2017-01-13 14:07:20 | 独学

 123. 坂の上の坂   (藤原和博著 2011年11月)

 『 校長時代、私は中学生に学問だけを教えるのではなく、世の中の成り立ちや学問と世の中のつながりについて教えていく[よのなか]科という授業を提唱し、実践してきました。

 そのなかで私は、人の言うことを簡単に信じてはいけない、もっと疑え、と教えていました。いわゆる「クリティカル・シンキング(複眼思考)」の技術を伝授したのです。

 しかし、私自身は、いったん「クリティカル・シンキング」で自分の意見や進むべき方向を定めたら、その実現段階では、世の中を信じ切って進めるところがあります。行動を起こすときには、信じて動いたほうが勝負には有利だからです。

 [よのなか]科で十年以上実践している「クリティカル・シンキング」を、義務教育に導入することと、地域が学校を支援する仕組みを全国に広めていくこと。そうして、学校を核に学習コミュニティを再生することがメインの仕事です。 』


 『 ロンドンに一年一ヵ月、そしてパリに一年三ヵ月。家族を連れた私のヨーロッパ赴任は二年半に及びました。私はここで、「成熟社会」の本質を垣間見ることになります。

 日本の高度成長期のように「みんな一緒」の社会ではなく、一億総中流社会と呼ばれた塊が「それぞれ一人一人」に分かれていく社会です。上下にも、左右にも、前後にも、タテ・ヨコ・ナナメにも。
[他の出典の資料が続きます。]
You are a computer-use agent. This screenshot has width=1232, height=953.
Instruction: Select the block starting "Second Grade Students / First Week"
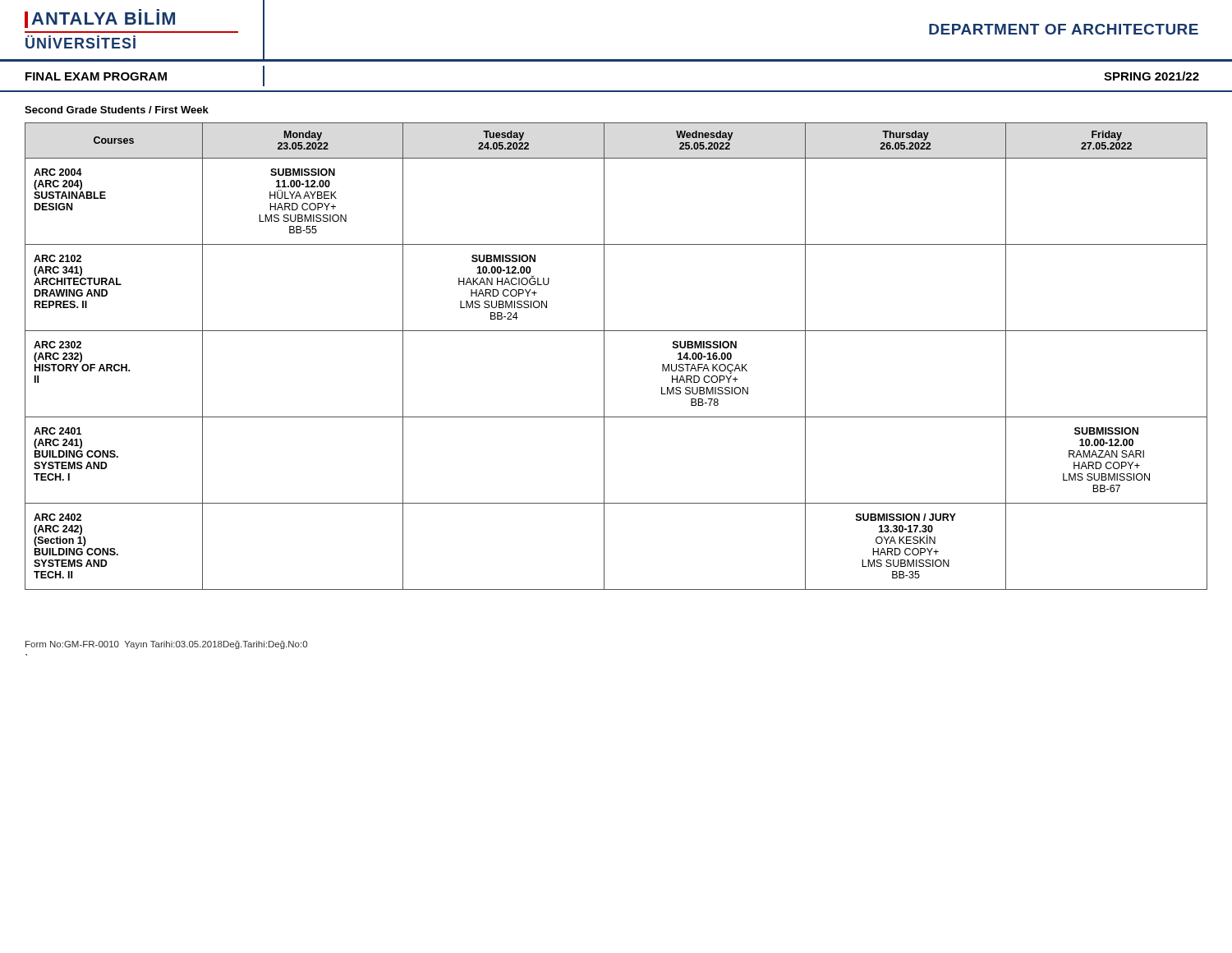[x=116, y=110]

 そこには、生活を楽しもうとする、人生を豊かに生きようとする真摯な人々の姿がありました。例えば、パリの人々に教えられた”Art de vivre”(アール・ド・ヴィーヴル)。

 これは、国よりも、産業社会よりも、自分自身の人生と人々との関わりを大事にするフランス人の生活信条です。フランス語で”Art”は「術」、”de”は英語の”of”、”vivre”は「生活」という意味。

 直訳すれば、「生活術」になりますが、実体験した私の感覚では、「人間と人間の間を取り持つコミュニケーション手段としての芸術的生活術」というのが適切かなと思います。

 しかも、人々の間には「アール・ド・ヴィーヴルとはつまりこれだ」という一般解はありません。一人一人自由に考え、選択し、味わっているのです。夫婦でも考え方が別々だったりする。まさに、これこそが成熟社会の生き方だと感じました。

 この生活信条をイメージするのにわかりやすい事例として、リクルート社が当時行ったフランスの若者へのインタビューを紹介したいと思います。

 「何よりも生きることを楽しみ、日常の平凡さから抜け出す知恵です。ご婦人に道を譲りながら、その服装や髪型を褒めることや、料理を楽しむために美しいテーブルクロスを選ぶことも入ります」

 「それは機会を利用して楽しむ術。昨日の繰り返しを続けないことです。ゆとりある時間の中で生れる楽しみ。”義務感へのアンチテーゼ”ではないでしょうか」

 「電車を一台やり過ごし、次の電車で座っていくことから始まります。時間をとって行動に余裕をもてば、人は胸いっぱいに人生を呼吸できます」

 これを語っているのが二十代前半の若者、というのがミソではないかと思います。「アール・ド・ヴィーヴル」は日常の中に息づき、完全に人々に浸透している。当たり前のように人々は実践しているのです。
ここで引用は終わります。